It was on a private transport that Xira was able to save the ship from a pirate attack. On the ship was a noble’s daughter. Her skills caught the attention of all and the noble who offered Xira a position in the Republic Military. Xira found it a great place to put her skills to work while serving a cause.


*Description:*
Xiralaz is a younger Verpine that if one knew the species might guess she is not much older than an adult. She is smaller than most of her kind at a little over five and half feet tall but retains the gangly appearance of the race. Her chitin plates are a darker greenish brown in color. Xiralaz tends to dress, when not in issued uniform of the Republic Navy, in darker browns. She also has a shoulder of some well taken care of animal hide. Within she tends to keep all her tools and equipment within neat roll out equipment pouches. At her side is holstered a heavy blaster pistol and a sun baton. While still a youngster, she seems to have some air of confidence about herself. Ready to prove she can do whatever is needed of her. 


[/sblock]


----------



## perrinmiller (Jun 1, 2010)

After PMing to songdragon concerning a different SWSE game, I thought I would pop in here and make an inquiry.  Since I already play in possum's DoD game with songdragon, perhaps you would consider accepting another player.

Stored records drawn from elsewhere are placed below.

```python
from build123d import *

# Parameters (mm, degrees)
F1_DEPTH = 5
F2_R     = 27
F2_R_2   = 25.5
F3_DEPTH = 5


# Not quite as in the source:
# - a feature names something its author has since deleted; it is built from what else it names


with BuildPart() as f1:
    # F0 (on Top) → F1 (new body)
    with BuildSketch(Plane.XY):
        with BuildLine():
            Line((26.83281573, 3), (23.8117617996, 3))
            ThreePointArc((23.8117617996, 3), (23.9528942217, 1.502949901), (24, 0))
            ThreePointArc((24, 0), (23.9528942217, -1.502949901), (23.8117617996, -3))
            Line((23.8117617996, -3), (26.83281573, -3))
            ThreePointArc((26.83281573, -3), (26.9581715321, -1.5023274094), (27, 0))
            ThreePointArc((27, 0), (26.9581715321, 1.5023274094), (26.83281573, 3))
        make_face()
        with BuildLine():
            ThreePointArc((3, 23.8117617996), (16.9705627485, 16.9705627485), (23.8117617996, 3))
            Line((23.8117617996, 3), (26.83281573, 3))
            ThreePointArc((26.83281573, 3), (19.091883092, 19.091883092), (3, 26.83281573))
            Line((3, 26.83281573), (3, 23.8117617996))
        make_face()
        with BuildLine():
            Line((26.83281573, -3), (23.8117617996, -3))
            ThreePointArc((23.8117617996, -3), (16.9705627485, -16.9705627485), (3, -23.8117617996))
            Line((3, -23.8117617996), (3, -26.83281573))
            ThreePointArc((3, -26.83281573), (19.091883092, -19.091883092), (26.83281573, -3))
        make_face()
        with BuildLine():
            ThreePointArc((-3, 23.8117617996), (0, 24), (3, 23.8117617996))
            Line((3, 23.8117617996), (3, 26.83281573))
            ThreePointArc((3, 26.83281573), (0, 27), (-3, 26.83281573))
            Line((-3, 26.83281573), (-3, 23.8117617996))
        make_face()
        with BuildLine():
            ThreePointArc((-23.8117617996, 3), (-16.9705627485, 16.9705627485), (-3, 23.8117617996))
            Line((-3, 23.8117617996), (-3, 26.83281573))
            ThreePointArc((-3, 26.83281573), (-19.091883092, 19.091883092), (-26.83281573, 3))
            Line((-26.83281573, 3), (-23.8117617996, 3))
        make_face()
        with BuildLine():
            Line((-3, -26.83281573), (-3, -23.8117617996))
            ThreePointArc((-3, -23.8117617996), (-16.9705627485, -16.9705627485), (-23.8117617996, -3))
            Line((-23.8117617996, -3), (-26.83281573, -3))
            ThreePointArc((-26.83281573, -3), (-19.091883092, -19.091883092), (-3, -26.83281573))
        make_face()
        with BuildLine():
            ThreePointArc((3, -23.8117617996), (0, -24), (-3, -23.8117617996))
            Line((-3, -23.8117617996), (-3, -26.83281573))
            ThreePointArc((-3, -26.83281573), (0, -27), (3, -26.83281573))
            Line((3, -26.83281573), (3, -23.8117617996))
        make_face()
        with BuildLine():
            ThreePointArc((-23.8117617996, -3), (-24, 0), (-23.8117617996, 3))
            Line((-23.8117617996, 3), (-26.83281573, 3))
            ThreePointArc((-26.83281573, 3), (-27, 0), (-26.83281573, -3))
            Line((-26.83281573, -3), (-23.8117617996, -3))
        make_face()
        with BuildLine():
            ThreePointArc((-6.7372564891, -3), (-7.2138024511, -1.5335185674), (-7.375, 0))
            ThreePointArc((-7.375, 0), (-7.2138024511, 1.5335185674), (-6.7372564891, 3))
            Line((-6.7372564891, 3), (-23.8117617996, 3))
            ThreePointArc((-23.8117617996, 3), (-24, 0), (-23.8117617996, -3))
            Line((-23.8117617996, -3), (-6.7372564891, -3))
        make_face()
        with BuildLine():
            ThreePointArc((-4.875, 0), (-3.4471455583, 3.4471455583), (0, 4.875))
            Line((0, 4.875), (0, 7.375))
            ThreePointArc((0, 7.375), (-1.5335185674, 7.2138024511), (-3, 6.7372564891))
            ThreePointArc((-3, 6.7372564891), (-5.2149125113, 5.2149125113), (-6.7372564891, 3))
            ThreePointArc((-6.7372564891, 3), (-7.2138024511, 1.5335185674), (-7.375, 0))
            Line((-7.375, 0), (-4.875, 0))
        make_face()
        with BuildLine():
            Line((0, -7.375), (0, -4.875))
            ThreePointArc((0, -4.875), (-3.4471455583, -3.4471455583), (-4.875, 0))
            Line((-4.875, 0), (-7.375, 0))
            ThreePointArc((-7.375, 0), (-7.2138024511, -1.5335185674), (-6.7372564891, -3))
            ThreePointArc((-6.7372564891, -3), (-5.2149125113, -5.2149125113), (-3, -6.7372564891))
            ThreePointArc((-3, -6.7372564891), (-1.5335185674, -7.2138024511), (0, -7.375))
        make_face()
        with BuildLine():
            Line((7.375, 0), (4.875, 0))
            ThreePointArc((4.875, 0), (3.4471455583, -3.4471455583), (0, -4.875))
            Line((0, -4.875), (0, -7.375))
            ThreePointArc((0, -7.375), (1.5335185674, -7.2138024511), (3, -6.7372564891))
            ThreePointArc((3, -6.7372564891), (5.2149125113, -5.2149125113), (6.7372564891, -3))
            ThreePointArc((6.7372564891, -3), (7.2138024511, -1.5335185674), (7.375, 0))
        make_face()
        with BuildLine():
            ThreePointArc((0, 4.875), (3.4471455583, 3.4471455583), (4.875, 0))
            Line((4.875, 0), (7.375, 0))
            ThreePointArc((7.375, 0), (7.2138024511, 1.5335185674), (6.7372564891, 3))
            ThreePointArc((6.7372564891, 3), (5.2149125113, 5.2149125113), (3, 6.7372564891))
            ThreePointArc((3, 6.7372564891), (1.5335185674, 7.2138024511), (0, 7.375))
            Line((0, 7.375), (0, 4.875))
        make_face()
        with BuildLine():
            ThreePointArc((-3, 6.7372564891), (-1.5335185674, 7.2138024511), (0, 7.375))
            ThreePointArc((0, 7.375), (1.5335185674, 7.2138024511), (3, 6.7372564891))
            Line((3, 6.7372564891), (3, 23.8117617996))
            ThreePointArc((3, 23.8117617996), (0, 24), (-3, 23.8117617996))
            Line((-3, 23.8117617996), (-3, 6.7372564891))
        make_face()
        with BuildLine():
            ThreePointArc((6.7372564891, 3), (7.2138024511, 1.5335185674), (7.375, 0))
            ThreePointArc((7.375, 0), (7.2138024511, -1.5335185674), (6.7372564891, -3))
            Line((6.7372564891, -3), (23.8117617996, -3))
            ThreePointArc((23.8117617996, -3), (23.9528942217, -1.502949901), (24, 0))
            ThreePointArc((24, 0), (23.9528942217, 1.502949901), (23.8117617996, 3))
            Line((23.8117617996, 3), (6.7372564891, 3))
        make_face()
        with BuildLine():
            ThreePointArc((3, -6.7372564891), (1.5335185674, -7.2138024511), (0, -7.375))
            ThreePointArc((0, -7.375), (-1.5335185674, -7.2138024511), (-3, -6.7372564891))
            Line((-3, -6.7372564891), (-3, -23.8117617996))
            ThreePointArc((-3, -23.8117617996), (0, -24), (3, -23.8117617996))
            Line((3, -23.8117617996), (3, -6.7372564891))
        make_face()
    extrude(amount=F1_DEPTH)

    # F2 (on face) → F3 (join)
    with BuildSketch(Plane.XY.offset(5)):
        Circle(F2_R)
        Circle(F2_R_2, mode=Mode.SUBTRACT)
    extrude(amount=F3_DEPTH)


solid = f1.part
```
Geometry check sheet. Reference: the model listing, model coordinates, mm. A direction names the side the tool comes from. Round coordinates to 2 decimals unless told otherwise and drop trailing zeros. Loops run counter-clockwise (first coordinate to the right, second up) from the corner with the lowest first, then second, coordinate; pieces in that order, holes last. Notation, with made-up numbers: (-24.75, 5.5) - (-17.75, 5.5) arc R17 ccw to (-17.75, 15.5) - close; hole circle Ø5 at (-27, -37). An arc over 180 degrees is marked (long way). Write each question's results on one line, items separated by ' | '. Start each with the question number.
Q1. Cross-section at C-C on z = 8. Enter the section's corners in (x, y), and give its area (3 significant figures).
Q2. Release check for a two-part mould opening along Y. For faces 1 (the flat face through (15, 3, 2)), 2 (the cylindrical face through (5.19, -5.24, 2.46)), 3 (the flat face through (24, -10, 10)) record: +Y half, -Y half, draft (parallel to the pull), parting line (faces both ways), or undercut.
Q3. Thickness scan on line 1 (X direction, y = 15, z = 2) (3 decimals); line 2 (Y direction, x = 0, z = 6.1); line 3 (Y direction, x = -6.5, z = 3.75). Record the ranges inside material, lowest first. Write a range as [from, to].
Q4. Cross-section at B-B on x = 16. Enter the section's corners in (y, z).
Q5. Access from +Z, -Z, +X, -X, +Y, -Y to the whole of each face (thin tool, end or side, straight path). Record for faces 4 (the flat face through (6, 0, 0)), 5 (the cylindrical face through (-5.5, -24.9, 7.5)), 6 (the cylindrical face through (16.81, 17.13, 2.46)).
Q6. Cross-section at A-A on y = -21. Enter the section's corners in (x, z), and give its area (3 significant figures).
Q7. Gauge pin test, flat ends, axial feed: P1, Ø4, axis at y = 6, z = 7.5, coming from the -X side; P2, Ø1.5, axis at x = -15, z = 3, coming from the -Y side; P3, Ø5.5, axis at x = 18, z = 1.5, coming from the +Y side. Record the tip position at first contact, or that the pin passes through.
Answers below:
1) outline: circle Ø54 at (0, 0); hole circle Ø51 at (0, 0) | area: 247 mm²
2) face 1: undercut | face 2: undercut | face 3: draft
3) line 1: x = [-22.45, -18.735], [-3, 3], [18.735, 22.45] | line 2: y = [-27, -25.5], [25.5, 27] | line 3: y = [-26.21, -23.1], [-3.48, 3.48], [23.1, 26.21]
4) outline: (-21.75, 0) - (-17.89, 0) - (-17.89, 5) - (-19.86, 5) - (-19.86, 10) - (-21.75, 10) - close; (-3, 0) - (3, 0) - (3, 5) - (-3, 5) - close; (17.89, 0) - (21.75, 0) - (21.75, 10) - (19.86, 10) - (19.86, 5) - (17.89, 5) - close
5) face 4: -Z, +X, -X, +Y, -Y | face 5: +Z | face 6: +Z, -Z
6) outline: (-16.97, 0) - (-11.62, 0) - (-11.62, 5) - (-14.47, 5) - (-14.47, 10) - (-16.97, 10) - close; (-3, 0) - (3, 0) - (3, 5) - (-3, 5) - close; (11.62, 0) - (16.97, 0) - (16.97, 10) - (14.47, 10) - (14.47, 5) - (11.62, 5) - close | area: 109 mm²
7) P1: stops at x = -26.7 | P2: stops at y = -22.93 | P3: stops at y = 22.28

I haven't actually considered a specific character yet, but I figured I would ask first before getting ahead of myself.  About half of my Saga experience is actually in possum's game, so I am pretty much a FNG, but I learn quickly.


----------



## drothgery (Jun 1, 2010)

I'd really like to have six active players, so if you'd like to poke around this thread, the IC thread, and the characters thread and then post an idea (or ask me any questions), go ahead.


----------



## Songdragon (Jun 1, 2010)

Drothgery, posted an updated character (in my previous post). Is it alright or still need work? Or anything else? 

~ Songdragon ~


----------



## drothgery (Jun 1, 2010)

Songdragon said:


> Drothgery, posted an updated character (in my previous post). Is it alright or still need work? Or anything else?
> 
> ~ Songdragon ~




Looks good.


----------



## Songdragon (Jun 2, 2010)

Great. Not sure how you wish to intro Xiralaz to the the others. Looking at the IC posts, depends how far away Zee is and how big the fighter is. I know most are one man craft, but there were modified B-Wings that held two. Whatever works best for you though.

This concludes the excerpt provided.